There’s nothing like a garden consistently failing to awake a sense of cosmic unease; it’s the tiny part of the universe you can be held accountable for. It is a miniature mirror of the greater world; and when it goes wrong panic may set in. We feel like our father Adam, confronted by the Lord God walking in the garden in the cool of the day and requiring an explanation. For we cannot control vegetation, only encourage and protect, advise and warn. This spring we’ve all been afflicted with late frosts, prematurely early lily beetle¤¤, an invasion of sinister and pernicious ground elder. Tulip and Dutch iris bulbs have been eaten by ‘A Something Underground’. You’ll have heard, no doubt, of the warning of an invasion of “slugs the size of rats”¤¤¤. Oh, and the clothes moths are back – in a big way¤¤¤¤

So….anyway!….this feverfew: it’s a modest plant, very ancient, of great prettiness and interest. It has brilliant green feathery leaves and white daisy-like flowers which go on and on all summer. For centuries the intensely bitter-scented foliage has been brewed as a remedy against headache, migraine and upset tums. It grows like a weed once you get it going, but of course, “c’est le premier pas qui coute” – and CAN I establish feverfew in my thick clogged unforgiving clay? I cannot. And the allotment gentlemen were unable to help me. A charming and very knowledgeable gardener said, “You’ll find no feverfew here!” And for a very interesting reason. He was highly allergic to it. His wife is a herbalist and had tied bunches of feverfew to dry on the clothes rack in the kitchen. My friend returned home at the end of a long day, came over funny and passed out. Next day: still sick and wonky. Tests were made by Doctor. It was the sour scent of the feverfew, which seemed to bring on the very symptoms that it normally cures. A kind of short-circuiting. I was enthralled – though I left the market empty-handed.

ferverfew-2
My other little adventure was with this wide-eyed racing pigeon which stopped off in my garden for a rest. Being a high-toned, delicately-reared bird it didn’t understand bread: I gave it sunflower kernels and some oats. But as the pigeon was still voracious I then crumbled some bread very fine and mixed the crumbs with the house budgie’s Trill. This pleased the visitor up to a point, though not wildly so. I laid the dish aside. Hours later: I am warming some baked beans for tea and find the dish of crumbs. “These will make a tasty topping” – I pop them into the mixture with a little olive oil. A surprisingly crunchy texture! I had quite forgot all the Trill. Well, no harm done – and an interesting new eating experience.

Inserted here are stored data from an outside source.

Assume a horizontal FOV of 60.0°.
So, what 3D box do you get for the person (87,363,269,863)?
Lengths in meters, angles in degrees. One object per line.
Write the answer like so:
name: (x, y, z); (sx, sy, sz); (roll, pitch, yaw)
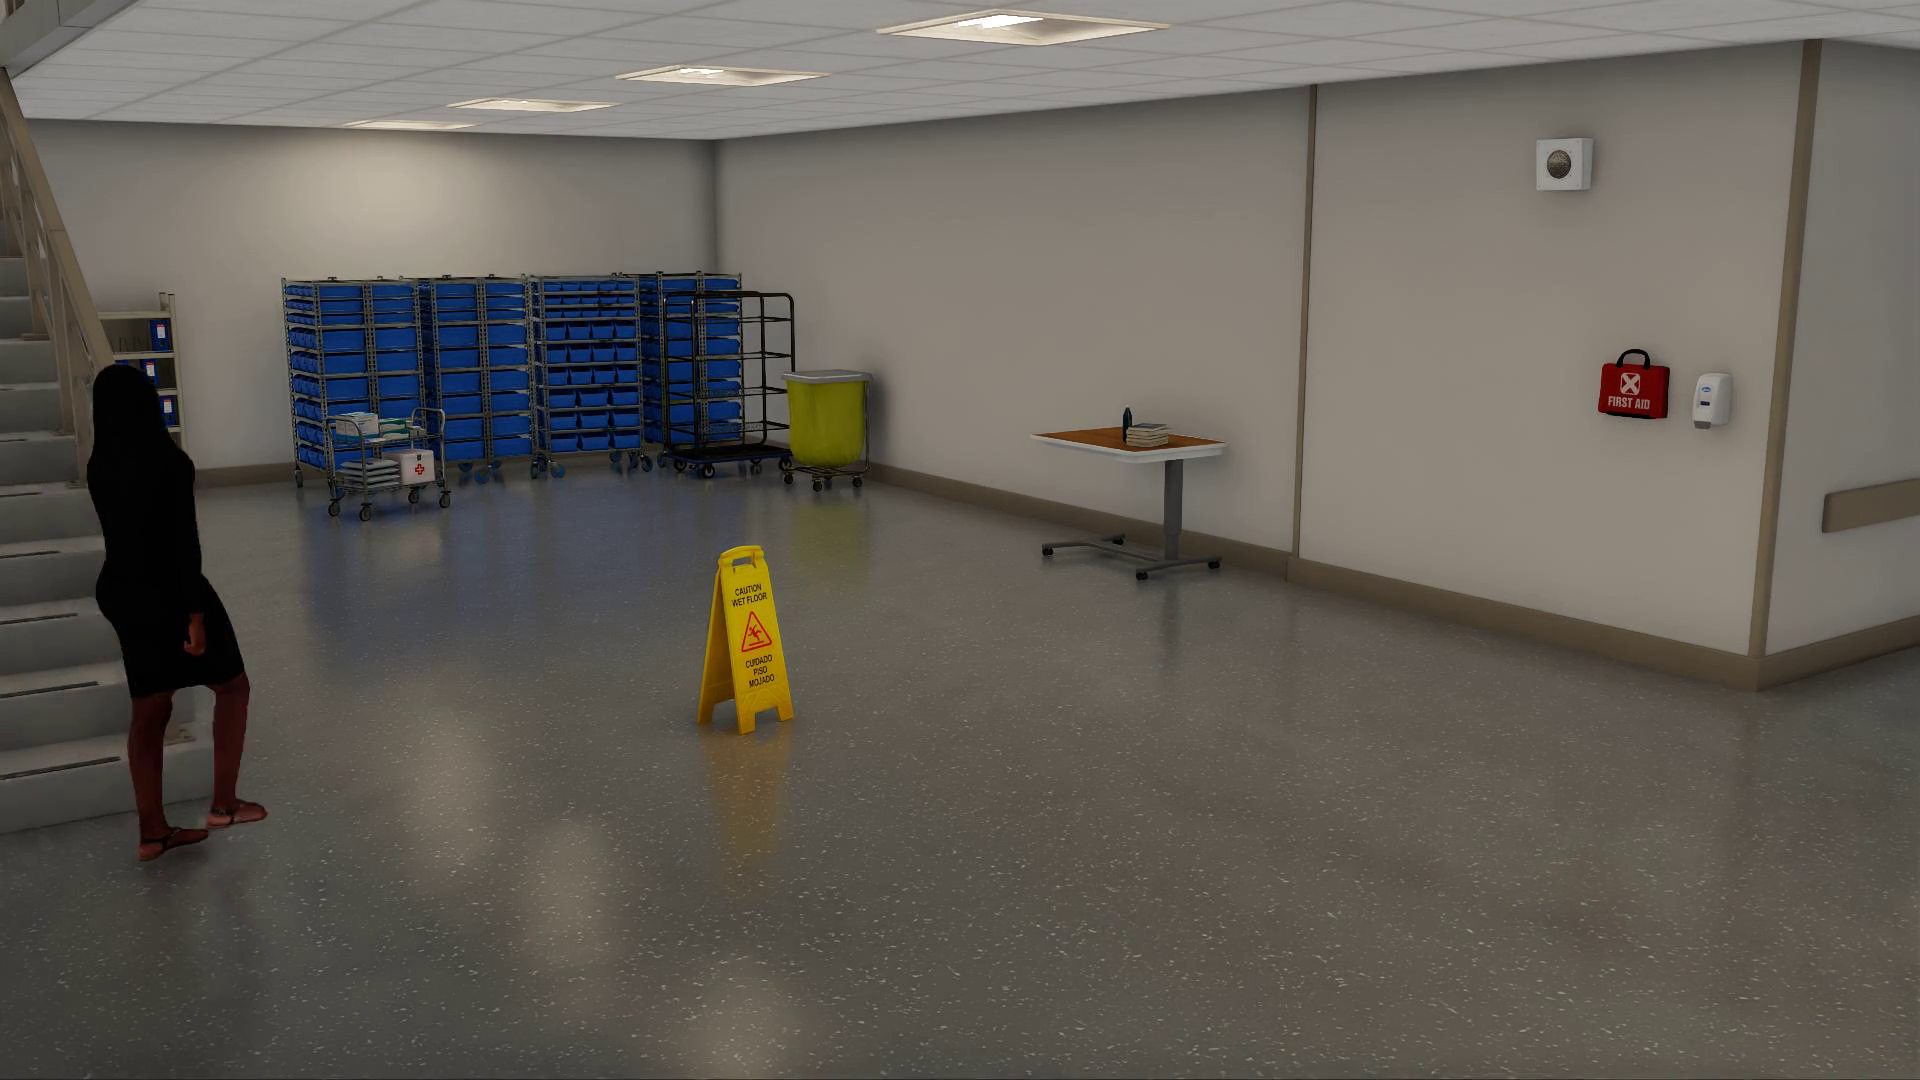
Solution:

This pigeon kept making sorties like Noah’s raven and dove: finally, like the dove, she returned not. I hope she made it safely home and was warmly welcomed back into the loft. But I am never quite sure about the comings and goings of strange birds: I was brought up to see them as auguries. Well, we shall see.

Welcome to June!

¤ and apple blossom is even more fragile and transient: one of Dame Nature’s most delicious scents but the flowers are as fleeting as the lightest cologne.

¤¤ exquisitely pretty, like polished coral beads – but so deadly, cunning and merciless. A pair of beetles will destroy a fully-grown lily within hours. Squashing them is the only option.

¤¤¤ you can sometimes catch them with alluringly fragranced traps of beer or hollowed out orange rinds. A “honey trap”, indeed.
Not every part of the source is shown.